Part of the re-evaluation can be a reconsideration of what we can give to our loved ones at home. Often, it happens that reserve all our talents and best behaviors for outside the house for work and drop our guard on returning home. It would be a pity if we give our loved ones less than what we give the outside world.

Staying at home for a long period of time can also be a liberation from material life. If we pay attention, the realization dawns that we don’t have as many needs as we previously thought.

If humans only ate one meal a day, they can still have enough nutrition and energy for a healthy life, according to studies on minimalist lifestyles and "intermittent fasting" by Japanese biologist Yoshinori Ohsumi, the winner of the 2016 Nobel Prize in Physiology or Medicine.

It pays to remember, then, that regardless of whether we have a one-room apartment or a 10-room mansion, we can only sleep on one bed. At any given moment, we can only wear one set of clothes, even if we have a full wardrobe.

So this isolation can be a time when we seriously consider questions like: Do we need to strive so hard to become like someone else or do we just need to be the best version of ourselves? What would make us really happy? It can drive home the answer that when we are confident and feel fulfilled with our inner values, we would be less concerned ostentatious, frivolous things. Out there, there are still too many people surviving pay check to pay check, so if we have a house to stay in, with food, warm blankets and soft mattresses, we are already luckier than most people.

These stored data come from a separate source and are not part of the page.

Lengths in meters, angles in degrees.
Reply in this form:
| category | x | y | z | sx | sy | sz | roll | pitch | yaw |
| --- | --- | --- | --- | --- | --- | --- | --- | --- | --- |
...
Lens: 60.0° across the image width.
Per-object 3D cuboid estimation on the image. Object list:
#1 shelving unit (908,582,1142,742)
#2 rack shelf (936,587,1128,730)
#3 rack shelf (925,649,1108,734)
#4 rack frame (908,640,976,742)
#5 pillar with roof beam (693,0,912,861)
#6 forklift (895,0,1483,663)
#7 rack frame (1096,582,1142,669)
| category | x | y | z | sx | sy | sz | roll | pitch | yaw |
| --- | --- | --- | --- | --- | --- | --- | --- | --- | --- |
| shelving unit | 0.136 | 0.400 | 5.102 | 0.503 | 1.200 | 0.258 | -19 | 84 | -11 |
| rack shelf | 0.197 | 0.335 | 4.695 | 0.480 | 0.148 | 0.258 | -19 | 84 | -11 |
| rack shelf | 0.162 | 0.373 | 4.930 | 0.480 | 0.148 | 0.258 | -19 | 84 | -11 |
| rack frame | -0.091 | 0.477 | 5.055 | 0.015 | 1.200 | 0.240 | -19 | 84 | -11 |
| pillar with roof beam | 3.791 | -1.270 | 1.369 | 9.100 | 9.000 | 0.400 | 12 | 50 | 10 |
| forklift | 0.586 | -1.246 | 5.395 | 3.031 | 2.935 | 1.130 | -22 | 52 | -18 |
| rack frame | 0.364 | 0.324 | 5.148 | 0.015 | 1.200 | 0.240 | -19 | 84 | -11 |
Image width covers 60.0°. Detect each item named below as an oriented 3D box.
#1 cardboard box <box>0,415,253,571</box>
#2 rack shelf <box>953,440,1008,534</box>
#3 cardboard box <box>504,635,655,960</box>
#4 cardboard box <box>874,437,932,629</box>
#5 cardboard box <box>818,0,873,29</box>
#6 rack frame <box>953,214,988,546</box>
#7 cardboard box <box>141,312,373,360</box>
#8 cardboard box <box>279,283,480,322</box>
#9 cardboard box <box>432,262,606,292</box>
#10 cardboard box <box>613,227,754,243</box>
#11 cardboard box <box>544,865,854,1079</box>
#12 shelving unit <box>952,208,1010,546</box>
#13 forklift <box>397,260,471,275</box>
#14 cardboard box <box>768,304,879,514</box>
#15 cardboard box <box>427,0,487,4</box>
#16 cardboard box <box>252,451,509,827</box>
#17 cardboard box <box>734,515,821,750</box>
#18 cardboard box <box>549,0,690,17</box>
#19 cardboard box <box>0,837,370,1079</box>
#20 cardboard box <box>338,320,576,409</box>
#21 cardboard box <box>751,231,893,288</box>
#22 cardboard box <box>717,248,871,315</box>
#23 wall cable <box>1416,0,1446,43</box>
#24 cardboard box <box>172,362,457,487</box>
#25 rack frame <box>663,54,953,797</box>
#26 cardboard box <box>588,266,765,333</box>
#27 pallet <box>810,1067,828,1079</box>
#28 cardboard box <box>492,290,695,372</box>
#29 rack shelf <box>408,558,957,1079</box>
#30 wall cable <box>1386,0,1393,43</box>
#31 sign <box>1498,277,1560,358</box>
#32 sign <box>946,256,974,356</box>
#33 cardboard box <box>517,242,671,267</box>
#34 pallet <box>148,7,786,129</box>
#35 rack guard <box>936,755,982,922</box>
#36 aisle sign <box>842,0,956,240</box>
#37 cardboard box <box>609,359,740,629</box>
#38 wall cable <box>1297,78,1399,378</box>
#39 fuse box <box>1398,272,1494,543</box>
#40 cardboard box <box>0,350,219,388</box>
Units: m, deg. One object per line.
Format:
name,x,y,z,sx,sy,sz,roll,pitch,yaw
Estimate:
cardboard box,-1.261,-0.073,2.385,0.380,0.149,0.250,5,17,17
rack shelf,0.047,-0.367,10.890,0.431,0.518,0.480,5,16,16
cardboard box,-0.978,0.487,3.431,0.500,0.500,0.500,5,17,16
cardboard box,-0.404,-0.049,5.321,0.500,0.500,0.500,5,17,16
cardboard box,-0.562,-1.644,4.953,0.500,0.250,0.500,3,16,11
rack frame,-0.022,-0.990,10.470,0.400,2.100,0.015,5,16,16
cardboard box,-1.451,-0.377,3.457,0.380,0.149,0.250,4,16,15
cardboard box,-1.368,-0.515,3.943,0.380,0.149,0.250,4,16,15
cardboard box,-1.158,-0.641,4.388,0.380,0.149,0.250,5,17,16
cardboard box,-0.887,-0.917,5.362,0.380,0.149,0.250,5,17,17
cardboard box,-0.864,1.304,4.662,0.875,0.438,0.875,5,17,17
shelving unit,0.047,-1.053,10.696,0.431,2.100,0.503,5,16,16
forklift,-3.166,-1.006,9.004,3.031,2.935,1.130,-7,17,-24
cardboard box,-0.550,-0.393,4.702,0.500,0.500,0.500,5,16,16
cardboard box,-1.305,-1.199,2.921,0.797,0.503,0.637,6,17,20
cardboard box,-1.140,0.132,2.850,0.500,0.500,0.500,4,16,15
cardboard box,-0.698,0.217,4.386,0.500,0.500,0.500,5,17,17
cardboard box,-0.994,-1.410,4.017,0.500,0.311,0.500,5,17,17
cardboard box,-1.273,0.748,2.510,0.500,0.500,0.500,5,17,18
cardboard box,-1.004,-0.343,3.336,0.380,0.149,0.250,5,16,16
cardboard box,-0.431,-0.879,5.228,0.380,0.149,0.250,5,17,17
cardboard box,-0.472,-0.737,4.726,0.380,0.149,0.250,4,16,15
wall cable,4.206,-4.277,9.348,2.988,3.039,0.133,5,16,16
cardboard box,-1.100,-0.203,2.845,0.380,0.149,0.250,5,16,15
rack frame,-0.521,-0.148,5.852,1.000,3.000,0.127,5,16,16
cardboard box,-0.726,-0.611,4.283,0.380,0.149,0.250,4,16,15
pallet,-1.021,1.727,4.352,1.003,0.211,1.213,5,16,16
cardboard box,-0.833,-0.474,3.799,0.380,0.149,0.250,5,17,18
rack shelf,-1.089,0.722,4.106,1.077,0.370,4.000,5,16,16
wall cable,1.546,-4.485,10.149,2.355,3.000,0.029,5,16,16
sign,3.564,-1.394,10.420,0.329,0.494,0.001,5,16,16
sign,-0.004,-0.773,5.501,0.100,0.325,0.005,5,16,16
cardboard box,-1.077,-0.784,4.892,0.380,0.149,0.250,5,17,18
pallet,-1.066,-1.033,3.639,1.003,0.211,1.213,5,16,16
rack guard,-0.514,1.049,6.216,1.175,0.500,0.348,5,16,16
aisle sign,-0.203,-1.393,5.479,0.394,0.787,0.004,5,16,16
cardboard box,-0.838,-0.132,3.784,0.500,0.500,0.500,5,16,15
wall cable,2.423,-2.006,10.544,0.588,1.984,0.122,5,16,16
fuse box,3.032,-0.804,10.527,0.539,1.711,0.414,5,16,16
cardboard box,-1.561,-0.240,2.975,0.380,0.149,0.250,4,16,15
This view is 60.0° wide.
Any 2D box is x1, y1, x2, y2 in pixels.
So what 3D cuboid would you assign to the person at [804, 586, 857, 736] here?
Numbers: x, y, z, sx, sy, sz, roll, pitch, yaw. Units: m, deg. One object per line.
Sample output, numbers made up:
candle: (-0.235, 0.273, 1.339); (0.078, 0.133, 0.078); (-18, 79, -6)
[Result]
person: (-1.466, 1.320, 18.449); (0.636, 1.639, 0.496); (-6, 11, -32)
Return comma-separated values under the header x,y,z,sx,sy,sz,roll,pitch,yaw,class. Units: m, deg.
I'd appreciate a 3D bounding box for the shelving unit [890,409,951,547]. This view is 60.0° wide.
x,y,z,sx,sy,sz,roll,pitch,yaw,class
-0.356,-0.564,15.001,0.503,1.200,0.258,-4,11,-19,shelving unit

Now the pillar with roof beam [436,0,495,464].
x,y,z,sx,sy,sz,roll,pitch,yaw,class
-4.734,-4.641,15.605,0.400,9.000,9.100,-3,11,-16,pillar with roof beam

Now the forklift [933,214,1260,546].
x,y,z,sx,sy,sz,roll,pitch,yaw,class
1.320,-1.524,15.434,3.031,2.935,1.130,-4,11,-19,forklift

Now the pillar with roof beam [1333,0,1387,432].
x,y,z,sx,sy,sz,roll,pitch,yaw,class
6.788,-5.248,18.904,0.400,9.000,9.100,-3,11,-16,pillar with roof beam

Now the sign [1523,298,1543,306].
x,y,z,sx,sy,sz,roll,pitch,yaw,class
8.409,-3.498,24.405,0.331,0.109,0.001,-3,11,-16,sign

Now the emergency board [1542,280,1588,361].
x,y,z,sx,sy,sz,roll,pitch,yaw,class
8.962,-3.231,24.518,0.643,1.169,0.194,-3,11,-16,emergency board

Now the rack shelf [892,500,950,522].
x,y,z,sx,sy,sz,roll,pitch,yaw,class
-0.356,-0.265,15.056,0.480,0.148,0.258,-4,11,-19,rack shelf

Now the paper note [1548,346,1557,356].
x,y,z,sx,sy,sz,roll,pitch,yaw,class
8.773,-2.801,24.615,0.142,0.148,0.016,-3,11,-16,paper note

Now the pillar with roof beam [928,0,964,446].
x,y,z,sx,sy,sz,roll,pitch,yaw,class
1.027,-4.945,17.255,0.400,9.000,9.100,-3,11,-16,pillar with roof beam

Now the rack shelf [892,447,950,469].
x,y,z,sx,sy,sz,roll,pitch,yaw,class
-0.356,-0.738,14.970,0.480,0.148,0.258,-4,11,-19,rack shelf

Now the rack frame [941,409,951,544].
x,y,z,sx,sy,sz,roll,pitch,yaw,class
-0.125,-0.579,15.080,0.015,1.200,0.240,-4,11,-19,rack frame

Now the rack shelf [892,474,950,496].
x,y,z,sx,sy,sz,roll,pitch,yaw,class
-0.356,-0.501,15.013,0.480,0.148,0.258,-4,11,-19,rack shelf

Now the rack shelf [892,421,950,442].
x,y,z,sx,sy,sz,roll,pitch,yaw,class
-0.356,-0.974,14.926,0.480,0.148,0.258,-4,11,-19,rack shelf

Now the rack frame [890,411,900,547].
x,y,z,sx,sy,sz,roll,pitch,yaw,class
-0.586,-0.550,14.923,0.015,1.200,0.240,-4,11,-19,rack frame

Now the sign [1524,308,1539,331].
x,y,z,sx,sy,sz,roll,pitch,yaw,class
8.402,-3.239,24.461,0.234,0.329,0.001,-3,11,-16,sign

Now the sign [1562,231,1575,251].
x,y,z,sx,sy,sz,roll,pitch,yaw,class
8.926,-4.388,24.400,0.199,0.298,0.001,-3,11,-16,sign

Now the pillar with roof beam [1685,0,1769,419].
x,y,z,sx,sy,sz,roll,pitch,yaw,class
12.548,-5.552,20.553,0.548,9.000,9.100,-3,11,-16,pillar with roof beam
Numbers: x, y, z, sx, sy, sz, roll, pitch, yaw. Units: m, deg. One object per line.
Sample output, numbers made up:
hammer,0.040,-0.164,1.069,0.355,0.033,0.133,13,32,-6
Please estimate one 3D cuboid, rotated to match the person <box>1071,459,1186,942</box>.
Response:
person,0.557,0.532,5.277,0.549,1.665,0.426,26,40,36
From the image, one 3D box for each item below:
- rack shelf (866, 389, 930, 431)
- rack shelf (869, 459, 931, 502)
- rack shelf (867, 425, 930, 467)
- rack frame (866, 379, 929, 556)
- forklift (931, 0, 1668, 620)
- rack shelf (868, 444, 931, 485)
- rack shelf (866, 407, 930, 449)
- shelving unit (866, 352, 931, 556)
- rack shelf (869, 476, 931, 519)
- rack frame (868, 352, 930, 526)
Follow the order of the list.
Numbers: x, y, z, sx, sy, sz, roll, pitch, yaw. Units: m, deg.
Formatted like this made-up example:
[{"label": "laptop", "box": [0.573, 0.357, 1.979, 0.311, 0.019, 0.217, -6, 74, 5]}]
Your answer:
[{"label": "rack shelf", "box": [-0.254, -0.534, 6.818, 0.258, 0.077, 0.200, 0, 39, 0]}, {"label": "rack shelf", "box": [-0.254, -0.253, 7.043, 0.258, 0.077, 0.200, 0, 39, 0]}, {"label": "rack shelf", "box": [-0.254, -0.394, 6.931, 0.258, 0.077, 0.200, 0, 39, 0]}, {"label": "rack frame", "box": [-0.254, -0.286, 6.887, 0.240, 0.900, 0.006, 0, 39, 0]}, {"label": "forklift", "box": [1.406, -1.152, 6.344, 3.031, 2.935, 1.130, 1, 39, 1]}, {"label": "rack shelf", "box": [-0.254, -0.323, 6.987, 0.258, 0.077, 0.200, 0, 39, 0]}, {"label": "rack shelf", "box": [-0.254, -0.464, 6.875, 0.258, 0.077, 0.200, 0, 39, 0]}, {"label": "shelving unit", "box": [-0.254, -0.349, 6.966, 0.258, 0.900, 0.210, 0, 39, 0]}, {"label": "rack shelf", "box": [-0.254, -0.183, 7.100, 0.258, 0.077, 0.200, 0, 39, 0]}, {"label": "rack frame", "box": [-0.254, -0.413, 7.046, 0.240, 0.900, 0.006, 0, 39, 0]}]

It feels good to see that in Vietnam, there are more and more groups providing psychological support and counseling for people that are struggling mentally, experiencing loss or frustration, as also promoting positivity and healthy lifestyles.

And if the country goes further and finds it worthwhile to appoint its own Minister of Loneliness, it would not only warm the cockles of my heart, but also generate resources to tackle and prevent serious outbreaks of an inner pandemic.

*Huynh Thi Ngoc Han is a migration consultant. The opinions expressed are her own.